Kingdom, Meikles head for divorce in Zimbabwe's biggest de-merger


    Econet Wireless, which has been playing arbitrator in the battle between feuding directors Messrs Nigel Chanakira and John Moxon has requisitioned the KMAL directors to convene an extraordinary general meeting that has been set for June 22 to consider its proposal for the de-merger of KMAL.

    According to the Econet proposal, the decision to de-merge should be a mere formality as shareholders holding more than 51 percent of KMAL shares have already indicated their support for the transaction.

    This essentially means the majority of investors, including the feuding parties, have already assented to the divorce.

    If the de-merger goes through it would be the biggest de-merger witnessed in the country since OK Zimbabwe de-merged from Delta in September 2001.

    Econet believes the de-merger of the Kingdom Meikles Africa Group and the re-listing of Kingdom Financial Holdings Limited is the only way of resolving shareholder dispute.

    The mobile service provider also hopes that the de-merger would enhance market perception of both Meikles Limited and KFHL.

    Econet is proposing a simple divorce where current shareholders of KMAL would retain the same shareholding in the de-merged entities.

    For instance, Econet, which has 10,56 percent shareholding in KMAL, would have the same shareholding in both the de-merged KFHL group and the Meikles Group.

    Econet is also proposing that Kingdom and Meikles directors currently sitting on the KMAL board resign.

    There would also be some changes in management structure in order to align them to the new challenges resulting from the de-merger.

    "However, these anticipated changes will evolve and be implemented as an ongoing process of restructuring in line with the new group’s focus," read part of the proposal.

    The divorce would also see the two entities retaining their assets and employees contracted to them prior to the merger with the exception that the Reserve Bank debt incurred by KMAL that was transferred to Kingdom Bank would be redirected to KMAL.

    The KMAL shareholders are expected to vote on three ordinary and one special resolution.

    The resolutions include the disposal of 234 046 621 KFHL issued shares to KFHL for cancellation.

    "That the Directors of the Company be and are hereby authorised to transfer to KFHL at nominal value for cancellation 234 046 621 Kingdom Financial Holdings Limited ordinary shares," reads the proposal.

    In addition shareholders would be required to approve the distribution of KFHL 245 374 791 issued shares to all KFHL shareholders by way of a dividend in specie.

    The 245 374 791 issued shares constitute the remainder after the proposed transfer of 234 046 621 KFHL shares to KFHL for cancellation using a distribution of one KFHL share for every one KMAL shares held.

    In addition, they would be required to approve the listing of Kingdom on the Zimbabwe Stock Exchange by way of an introduction and a special resolution of the change of name from KMAL to Meikles Limited.

    Market watchers believe this creates a scenario where there are two entities that are not linked at management level, despite having the same shareholding structure.

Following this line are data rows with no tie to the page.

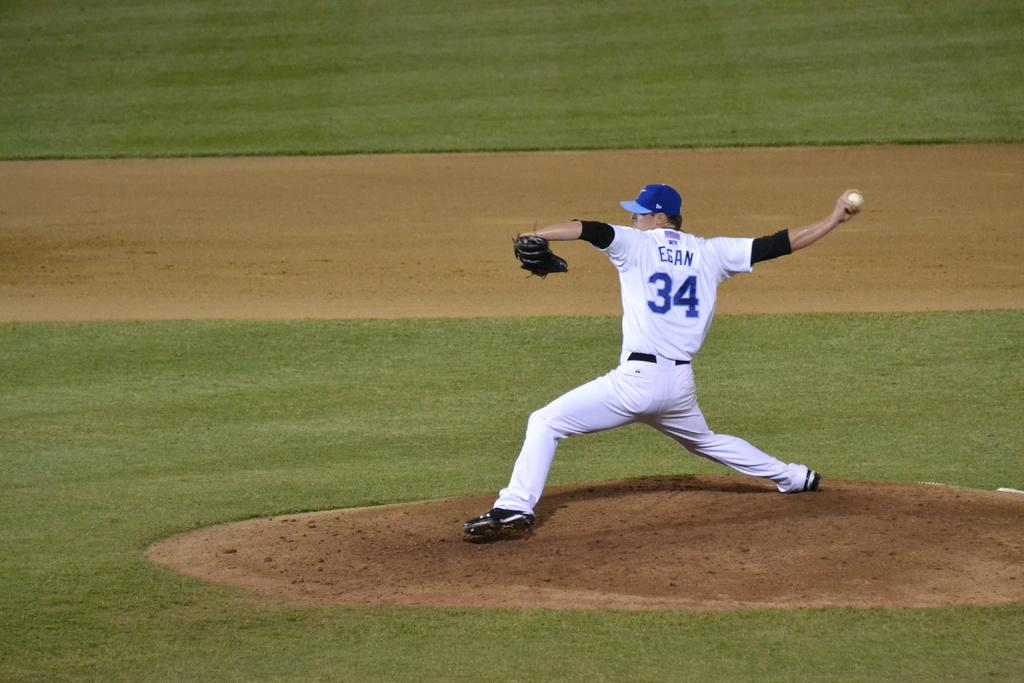What is the man in the image doing? The man is standing in the image and holding a ball. What is the man wearing on his head? The man is wearing a cap. What type of clothing is the man wearing on his upper body? The man is wearing a T-shirt. What type of clothing is the man wearing on his lower body? The man is wearing trousers. What type of footwear is the man wearing? The man is wearing shoes. What additional accessory is the man wearing? The man is wearing a baseball glove. What is the setting of the image? The setting appears to be a ground. What scientific experiment is being conducted in the image? There is no scientific experiment being conducted in the image; it features a man standing on a ground while holding a ball and wearing a baseball glove. 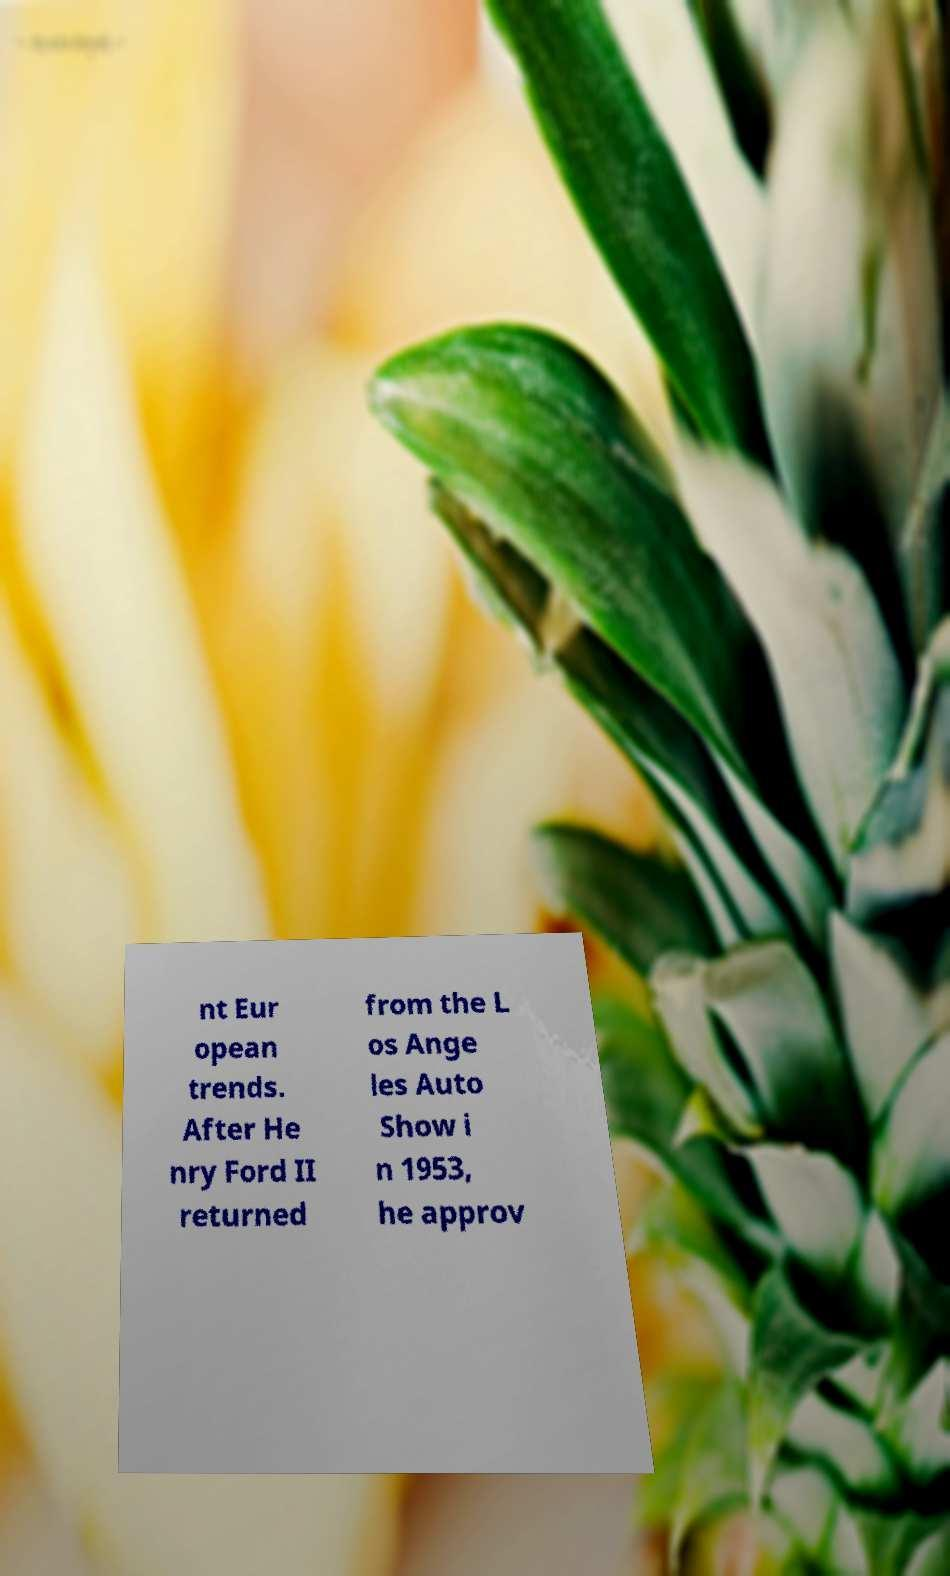I need the written content from this picture converted into text. Can you do that? nt Eur opean trends. After He nry Ford II returned from the L os Ange les Auto Show i n 1953, he approv 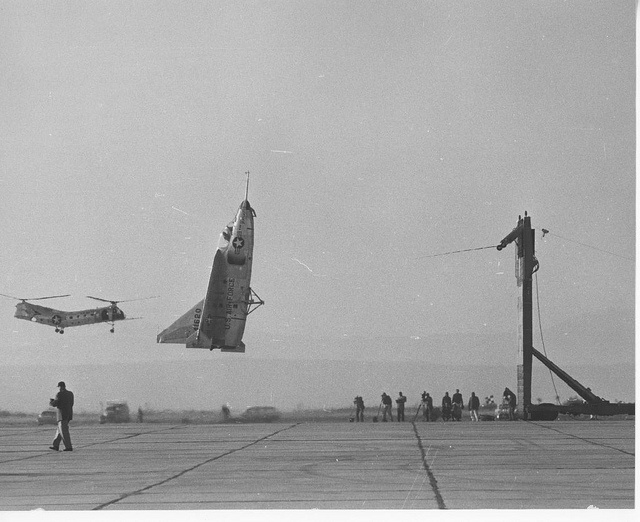Describe the objects in this image and their specific colors. I can see airplane in silver, gray, darkgray, black, and lightgray tones, people in silver, black, gray, darkgray, and lightgray tones, truck in gray, darkgray, lightgray, and silver tones, people in gray, darkgray, black, and silver tones, and people in gray, black, darkgray, and silver tones in this image. 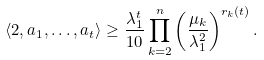Convert formula to latex. <formula><loc_0><loc_0><loc_500><loc_500>\langle 2 , a _ { 1 } , \dots , a _ { t } \rangle \geq \frac { \lambda _ { 1 } ^ { t } } { 1 0 } \prod _ { k = 2 } ^ { n } \left ( \frac { \mu _ { k } } { \lambda _ { 1 } ^ { 2 } } \right ) ^ { r _ { k } ( t ) } .</formula>

    "The real fun and games would start after the re-listing of Kingdom on the local bourse," said one of the market watchers.

    "It would be interesting to see what Moxon and Chanakira would do with their shareholding in either Meikles or Kingdom.

    "I do not believe that either would just dump their stock on the open market. So, there would be some negotiating to be done and most possibly some share swop."

    The marriage between Kingdom and Meikles hit a bad patch last year after Mr Chanakira blew the whistle on Mr Moxon, accusing him of externalising foreign currency.

    The allegations were later detailed in the BCA report dated October 20 2008.

    Mr Moxon then retaliated by calling an EGM to oust Mr Chanakira and two other directors last October, but the EGM failed after it was ruled as illegal by the High Court.